▸ WORK REQUEST:
Write out again, exactly, the lines below starting at the one with "Now the boot (459,208,719,369)." and ending at the one with "Now the plant saucer (311,133,345,186).".

▸ DATA SECTION:
------------------------------------
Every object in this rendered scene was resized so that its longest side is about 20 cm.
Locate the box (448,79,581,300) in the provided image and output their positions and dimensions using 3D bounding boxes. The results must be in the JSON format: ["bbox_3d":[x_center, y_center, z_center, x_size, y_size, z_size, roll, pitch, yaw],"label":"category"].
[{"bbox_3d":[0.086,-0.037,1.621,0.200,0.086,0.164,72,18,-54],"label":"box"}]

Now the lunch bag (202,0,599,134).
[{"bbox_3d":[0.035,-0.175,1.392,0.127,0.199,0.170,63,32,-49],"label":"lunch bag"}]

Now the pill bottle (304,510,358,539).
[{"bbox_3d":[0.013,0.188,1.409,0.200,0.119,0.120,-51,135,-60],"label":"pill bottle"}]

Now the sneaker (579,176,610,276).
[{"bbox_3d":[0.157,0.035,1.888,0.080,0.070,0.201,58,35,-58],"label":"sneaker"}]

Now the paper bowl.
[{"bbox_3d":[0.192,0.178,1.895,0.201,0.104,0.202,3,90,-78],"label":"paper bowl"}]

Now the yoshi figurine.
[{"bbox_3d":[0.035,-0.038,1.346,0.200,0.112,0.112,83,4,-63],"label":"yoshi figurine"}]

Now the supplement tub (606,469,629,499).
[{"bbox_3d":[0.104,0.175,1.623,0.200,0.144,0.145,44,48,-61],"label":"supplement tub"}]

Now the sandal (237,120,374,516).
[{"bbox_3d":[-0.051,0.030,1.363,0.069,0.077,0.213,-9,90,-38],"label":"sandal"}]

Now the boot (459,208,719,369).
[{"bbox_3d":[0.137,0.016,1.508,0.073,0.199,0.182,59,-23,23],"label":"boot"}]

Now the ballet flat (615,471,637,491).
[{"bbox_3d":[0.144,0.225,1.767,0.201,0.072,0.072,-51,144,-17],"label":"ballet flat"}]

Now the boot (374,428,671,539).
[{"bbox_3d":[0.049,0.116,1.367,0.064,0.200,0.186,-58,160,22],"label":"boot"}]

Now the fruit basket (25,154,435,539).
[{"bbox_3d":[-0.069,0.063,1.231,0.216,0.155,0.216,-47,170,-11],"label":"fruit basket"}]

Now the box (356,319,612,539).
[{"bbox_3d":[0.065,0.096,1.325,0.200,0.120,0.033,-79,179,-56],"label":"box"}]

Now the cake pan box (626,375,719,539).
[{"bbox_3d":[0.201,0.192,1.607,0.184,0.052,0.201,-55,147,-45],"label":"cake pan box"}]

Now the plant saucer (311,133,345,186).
------------------------------------
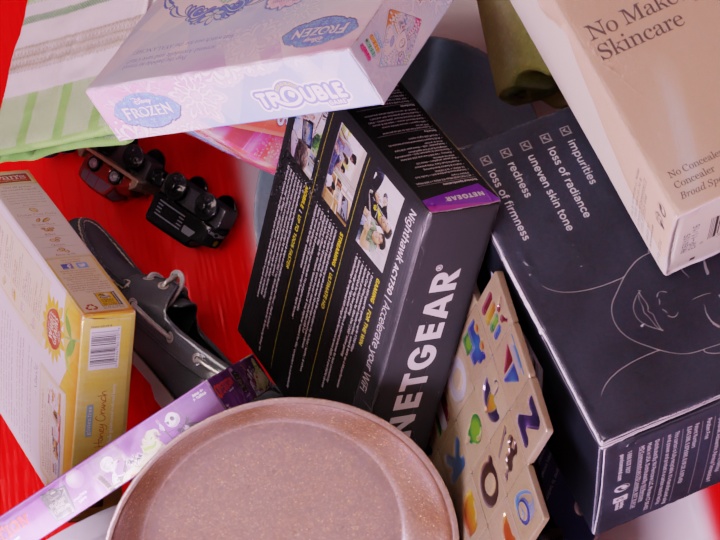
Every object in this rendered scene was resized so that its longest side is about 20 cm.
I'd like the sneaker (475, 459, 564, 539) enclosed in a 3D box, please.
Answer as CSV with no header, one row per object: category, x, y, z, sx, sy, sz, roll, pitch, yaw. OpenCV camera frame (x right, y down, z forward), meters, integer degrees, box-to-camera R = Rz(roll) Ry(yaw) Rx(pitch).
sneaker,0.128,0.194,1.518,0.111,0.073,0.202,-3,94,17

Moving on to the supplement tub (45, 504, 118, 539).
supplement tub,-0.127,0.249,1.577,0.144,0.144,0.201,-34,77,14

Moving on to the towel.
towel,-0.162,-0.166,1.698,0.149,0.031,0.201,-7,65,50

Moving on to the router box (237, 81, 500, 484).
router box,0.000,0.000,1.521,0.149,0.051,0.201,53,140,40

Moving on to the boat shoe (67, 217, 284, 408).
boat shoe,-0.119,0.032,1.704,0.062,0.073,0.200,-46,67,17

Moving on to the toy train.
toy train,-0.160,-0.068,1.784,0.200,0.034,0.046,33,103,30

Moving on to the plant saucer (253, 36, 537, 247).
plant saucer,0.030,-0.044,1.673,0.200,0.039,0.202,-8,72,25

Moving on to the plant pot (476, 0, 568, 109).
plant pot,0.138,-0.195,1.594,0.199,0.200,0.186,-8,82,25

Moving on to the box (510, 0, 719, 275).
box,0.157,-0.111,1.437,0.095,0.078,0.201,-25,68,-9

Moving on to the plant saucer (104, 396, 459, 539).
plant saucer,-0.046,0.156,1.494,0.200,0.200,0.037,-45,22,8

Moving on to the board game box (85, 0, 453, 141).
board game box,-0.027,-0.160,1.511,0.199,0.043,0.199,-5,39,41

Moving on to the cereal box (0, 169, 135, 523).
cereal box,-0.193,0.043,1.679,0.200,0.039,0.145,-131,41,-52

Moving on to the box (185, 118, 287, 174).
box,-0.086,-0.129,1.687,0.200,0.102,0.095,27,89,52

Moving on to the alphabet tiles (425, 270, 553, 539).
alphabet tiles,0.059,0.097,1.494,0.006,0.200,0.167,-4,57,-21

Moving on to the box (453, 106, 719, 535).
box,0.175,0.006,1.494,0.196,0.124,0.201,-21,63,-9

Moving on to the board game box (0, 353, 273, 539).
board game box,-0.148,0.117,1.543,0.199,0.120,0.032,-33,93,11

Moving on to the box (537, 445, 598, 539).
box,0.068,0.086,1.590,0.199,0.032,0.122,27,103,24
------------------------------------
▸ REPLY TO THE TASK:
Now the boot (459,208,719,369).
[{"bbox_3d":[0.137,0.016,1.508,0.073,0.199,0.182,59,-23,23],"label":"boot"}]

Now the ballet flat (615,471,637,491).
[{"bbox_3d":[0.144,0.225,1.767,0.201,0.072,0.072,-51,144,-17],"label":"ballet flat"}]

Now the boot (374,428,671,539).
[{"bbox_3d":[0.049,0.116,1.367,0.064,0.200,0.186,-58,160,22],"label":"boot"}]

Now the fruit basket (25,154,435,539).
[{"bbox_3d":[-0.069,0.063,1.231,0.216,0.155,0.216,-47,170,-11],"label":"fruit basket"}]

Now the box (356,319,612,539).
[{"bbox_3d":[0.065,0.096,1.325,0.200,0.120,0.033,-79,179,-56],"label":"box"}]

Now the cake pan box (626,375,719,539).
[{"bbox_3d":[0.201,0.192,1.607,0.184,0.052,0.201,-55,147,-45],"label":"cake pan box"}]

Now the plant saucer (311,133,345,186).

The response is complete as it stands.